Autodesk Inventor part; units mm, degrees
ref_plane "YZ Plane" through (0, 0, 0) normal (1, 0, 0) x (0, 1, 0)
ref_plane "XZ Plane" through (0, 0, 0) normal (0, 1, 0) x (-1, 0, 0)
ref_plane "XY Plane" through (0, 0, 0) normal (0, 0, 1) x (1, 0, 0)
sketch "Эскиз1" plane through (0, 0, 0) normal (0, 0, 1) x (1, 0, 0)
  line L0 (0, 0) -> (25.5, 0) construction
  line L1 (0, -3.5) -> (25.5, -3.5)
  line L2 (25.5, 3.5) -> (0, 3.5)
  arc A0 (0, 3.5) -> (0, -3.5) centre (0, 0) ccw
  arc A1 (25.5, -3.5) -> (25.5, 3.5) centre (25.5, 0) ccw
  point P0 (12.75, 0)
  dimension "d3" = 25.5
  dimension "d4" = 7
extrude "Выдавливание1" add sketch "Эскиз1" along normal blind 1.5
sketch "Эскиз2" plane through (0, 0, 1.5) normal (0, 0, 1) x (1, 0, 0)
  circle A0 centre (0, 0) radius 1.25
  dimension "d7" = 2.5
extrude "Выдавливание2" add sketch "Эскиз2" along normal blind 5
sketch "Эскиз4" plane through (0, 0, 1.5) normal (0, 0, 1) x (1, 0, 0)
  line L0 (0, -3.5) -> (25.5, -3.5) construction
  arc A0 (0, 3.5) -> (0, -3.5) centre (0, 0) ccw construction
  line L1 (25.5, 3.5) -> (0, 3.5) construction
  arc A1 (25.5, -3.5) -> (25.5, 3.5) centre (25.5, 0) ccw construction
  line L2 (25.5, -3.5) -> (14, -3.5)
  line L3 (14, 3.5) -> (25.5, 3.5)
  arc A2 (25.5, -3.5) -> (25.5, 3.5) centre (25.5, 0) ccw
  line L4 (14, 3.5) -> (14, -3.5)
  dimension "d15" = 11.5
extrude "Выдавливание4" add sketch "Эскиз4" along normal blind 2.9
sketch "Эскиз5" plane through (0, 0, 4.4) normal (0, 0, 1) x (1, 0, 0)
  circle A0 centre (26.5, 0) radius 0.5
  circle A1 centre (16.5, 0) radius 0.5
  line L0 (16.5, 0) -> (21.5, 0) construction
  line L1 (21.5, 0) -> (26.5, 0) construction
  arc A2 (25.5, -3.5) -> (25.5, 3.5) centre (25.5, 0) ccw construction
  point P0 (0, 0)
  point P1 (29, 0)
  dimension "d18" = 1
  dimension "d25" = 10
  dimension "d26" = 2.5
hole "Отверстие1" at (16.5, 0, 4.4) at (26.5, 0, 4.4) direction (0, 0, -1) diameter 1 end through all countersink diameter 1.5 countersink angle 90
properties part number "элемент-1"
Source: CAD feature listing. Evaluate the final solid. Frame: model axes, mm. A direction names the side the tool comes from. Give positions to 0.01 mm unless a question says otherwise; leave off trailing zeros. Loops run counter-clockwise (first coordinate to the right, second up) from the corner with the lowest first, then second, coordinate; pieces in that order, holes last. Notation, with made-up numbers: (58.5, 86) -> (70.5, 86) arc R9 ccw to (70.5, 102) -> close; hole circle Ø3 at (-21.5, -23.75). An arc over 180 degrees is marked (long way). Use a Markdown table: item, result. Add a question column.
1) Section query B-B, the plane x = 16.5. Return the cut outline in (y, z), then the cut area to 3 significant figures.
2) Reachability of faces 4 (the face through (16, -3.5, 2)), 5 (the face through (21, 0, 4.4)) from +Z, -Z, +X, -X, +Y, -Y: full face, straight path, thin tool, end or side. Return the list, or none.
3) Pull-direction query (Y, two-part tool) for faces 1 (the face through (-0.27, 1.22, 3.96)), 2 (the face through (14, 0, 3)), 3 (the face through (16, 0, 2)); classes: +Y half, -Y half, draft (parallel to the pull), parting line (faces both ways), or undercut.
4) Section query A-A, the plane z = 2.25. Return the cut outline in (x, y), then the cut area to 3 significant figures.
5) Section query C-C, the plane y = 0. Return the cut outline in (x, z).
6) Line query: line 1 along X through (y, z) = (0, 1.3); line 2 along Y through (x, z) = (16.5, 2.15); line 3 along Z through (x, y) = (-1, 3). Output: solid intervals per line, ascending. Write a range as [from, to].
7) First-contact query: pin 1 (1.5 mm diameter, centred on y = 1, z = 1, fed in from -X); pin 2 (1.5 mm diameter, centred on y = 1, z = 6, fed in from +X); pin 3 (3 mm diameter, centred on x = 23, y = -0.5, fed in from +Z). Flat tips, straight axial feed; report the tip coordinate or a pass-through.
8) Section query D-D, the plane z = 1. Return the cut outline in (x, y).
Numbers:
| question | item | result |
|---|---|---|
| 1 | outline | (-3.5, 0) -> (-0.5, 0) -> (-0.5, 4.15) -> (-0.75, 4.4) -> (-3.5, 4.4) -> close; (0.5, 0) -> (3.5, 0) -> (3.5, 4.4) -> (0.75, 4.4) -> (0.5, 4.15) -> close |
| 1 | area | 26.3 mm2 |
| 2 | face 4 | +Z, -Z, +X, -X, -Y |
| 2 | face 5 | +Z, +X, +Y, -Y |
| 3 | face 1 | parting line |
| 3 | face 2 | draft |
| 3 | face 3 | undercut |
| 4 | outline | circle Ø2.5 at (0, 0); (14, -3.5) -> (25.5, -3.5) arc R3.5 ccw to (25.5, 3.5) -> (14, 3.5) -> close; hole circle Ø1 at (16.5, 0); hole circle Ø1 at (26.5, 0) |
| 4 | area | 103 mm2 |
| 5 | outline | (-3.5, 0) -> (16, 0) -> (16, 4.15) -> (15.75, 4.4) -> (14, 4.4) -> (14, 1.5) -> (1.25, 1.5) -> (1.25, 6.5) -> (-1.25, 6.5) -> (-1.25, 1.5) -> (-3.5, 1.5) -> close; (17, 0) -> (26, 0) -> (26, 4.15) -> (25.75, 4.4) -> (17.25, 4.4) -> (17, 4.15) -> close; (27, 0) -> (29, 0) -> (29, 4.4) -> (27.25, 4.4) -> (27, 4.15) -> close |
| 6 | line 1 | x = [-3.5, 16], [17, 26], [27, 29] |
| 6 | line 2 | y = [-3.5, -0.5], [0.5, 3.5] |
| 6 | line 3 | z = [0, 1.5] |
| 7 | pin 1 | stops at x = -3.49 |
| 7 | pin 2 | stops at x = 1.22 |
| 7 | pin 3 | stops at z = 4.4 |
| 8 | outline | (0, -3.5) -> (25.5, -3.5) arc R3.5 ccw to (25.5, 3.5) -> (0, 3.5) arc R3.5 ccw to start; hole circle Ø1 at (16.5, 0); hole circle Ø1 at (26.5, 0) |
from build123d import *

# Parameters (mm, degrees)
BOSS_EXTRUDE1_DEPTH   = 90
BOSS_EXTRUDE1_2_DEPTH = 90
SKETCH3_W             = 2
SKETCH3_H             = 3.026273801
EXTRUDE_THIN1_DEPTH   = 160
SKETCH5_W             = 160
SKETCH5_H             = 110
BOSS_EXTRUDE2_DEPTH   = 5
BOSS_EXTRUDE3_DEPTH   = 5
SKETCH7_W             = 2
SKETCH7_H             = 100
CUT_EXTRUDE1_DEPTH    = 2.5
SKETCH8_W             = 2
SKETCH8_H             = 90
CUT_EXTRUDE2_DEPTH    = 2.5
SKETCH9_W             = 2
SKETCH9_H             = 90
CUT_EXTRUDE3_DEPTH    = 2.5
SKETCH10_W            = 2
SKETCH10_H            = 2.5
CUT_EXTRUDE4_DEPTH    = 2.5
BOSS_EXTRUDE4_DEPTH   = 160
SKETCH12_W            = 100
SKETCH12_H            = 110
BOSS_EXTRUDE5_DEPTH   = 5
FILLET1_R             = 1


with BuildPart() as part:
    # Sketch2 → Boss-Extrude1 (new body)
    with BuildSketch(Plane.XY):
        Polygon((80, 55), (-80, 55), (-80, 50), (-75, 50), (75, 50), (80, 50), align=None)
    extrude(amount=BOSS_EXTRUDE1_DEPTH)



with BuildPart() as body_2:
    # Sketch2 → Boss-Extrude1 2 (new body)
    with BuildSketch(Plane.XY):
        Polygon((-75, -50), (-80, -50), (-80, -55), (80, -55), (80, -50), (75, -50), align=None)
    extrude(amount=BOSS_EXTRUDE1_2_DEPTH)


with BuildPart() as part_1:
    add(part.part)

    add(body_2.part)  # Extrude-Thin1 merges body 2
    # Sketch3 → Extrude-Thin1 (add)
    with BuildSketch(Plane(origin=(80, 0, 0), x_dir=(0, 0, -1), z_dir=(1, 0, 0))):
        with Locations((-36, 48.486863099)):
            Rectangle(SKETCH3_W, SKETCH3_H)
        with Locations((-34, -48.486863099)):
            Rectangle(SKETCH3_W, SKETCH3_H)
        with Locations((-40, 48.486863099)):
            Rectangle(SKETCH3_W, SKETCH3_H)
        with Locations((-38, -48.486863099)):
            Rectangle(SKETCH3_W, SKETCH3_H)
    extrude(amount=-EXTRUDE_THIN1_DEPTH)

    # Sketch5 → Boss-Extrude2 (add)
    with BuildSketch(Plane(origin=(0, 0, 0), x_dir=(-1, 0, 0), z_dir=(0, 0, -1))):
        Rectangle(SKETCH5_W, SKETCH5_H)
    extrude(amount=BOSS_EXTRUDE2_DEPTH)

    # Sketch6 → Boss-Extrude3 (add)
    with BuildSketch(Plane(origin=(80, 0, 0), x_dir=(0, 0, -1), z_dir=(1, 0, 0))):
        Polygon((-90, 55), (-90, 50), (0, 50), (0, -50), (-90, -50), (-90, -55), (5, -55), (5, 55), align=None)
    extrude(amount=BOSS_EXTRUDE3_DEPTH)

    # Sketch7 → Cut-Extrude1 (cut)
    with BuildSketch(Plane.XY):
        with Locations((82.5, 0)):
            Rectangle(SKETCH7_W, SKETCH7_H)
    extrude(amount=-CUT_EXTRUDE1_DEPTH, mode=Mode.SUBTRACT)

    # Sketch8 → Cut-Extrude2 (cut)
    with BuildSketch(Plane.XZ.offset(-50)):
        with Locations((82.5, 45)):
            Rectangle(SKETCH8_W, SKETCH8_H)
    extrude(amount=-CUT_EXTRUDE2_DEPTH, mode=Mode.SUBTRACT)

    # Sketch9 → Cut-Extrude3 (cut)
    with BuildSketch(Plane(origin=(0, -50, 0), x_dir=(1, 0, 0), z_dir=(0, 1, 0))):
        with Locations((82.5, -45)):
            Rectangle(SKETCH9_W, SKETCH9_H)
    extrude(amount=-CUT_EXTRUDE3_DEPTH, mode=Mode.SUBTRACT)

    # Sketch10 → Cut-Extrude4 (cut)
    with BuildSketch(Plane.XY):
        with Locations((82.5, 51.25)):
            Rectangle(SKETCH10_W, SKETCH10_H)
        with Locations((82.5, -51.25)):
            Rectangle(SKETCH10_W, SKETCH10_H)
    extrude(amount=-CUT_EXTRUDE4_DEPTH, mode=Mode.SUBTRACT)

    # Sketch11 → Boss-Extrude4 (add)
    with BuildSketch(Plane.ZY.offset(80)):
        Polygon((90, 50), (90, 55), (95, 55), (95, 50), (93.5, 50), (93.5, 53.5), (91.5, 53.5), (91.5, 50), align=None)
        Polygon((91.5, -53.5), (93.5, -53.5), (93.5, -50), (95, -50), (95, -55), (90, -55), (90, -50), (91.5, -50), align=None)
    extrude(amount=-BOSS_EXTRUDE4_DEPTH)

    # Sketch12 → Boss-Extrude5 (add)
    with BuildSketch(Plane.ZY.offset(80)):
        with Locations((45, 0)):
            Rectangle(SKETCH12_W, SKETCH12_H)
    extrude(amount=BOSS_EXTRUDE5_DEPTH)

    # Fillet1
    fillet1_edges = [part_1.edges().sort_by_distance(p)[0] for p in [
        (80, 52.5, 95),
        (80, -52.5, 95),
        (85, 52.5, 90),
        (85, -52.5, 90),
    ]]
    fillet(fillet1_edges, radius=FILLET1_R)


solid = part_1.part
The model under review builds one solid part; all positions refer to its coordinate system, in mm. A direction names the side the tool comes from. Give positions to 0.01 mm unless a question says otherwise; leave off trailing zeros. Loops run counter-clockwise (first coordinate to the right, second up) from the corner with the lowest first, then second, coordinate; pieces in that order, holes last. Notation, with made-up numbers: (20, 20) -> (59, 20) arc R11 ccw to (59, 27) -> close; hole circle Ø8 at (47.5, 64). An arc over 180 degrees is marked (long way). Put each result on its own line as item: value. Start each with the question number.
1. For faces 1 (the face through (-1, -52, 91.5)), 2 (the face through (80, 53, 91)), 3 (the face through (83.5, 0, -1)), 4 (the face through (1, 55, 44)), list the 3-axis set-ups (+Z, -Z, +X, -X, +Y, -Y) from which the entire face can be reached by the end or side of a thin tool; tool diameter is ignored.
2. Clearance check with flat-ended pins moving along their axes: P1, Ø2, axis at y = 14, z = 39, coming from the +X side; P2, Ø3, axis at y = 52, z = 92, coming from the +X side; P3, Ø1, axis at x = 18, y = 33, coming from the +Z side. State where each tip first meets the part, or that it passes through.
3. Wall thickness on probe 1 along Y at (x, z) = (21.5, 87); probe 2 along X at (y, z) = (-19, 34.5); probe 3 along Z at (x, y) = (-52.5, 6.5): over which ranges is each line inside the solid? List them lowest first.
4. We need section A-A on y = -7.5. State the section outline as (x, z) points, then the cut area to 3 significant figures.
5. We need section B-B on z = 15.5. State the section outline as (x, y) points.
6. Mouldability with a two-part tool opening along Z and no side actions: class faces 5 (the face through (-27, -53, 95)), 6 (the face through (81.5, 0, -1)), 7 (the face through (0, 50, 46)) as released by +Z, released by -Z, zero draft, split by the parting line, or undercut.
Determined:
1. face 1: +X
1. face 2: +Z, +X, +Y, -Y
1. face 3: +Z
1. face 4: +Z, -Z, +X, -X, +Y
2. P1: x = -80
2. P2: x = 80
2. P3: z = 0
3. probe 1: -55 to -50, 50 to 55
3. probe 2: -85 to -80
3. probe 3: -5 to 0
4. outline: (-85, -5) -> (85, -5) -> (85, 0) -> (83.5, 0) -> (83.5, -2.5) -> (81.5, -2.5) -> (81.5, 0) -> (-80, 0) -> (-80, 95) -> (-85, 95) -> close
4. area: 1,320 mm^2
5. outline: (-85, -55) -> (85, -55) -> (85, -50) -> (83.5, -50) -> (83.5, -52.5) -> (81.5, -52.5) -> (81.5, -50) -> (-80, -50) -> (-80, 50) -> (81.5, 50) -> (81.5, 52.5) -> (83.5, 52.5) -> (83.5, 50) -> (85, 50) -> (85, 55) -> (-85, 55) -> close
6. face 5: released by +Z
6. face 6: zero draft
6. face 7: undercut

· · · · · · ·

• Exercise prompt: Write out every line of the listing that holds the word "Notation".

• Your response:
Source: CAD feature listing. Evaluate the final solid. Frame: model axes, mm. A direction names the side the tool comes from. Give positions to 0.01 mm unless a question says otherwise; leave off trailing zeros. Loops run counter-clockwise (first coordinate to the right, second up) from the corner with the lowest first, then second, coordinate; pieces in that order, holes last. Notation, with made-up numbers: (58.5, 86) -> (70.5, 86) arc R9 ccw to (70.5, 102) -> close; hole circle Ø3 at (-21.5, -23.75). An arc over 180 degrees is marked (long way). Use a Markdown table: item, result. Add a question column.
The model under review builds one solid part; all positions refer to its coordinate system, in mm. A direction names the side the tool comes from. Give positions to 0.01 mm unless a question says otherwise; leave off trailing zeros. Loops run counter-clockwise (first coordinate to the right, second up) from the corner with the lowest first, then second, coordinate; pieces in that order, holes last. Notation, with made-up numbers: (20, 20) -> (59, 20) arc R11 ccw to (59, 27) -> close; hole circle Ø8 at (47.5, 64). An arc over 180 degrees is marked (long way). Put each result on its own line as item: value. Start each with the question number.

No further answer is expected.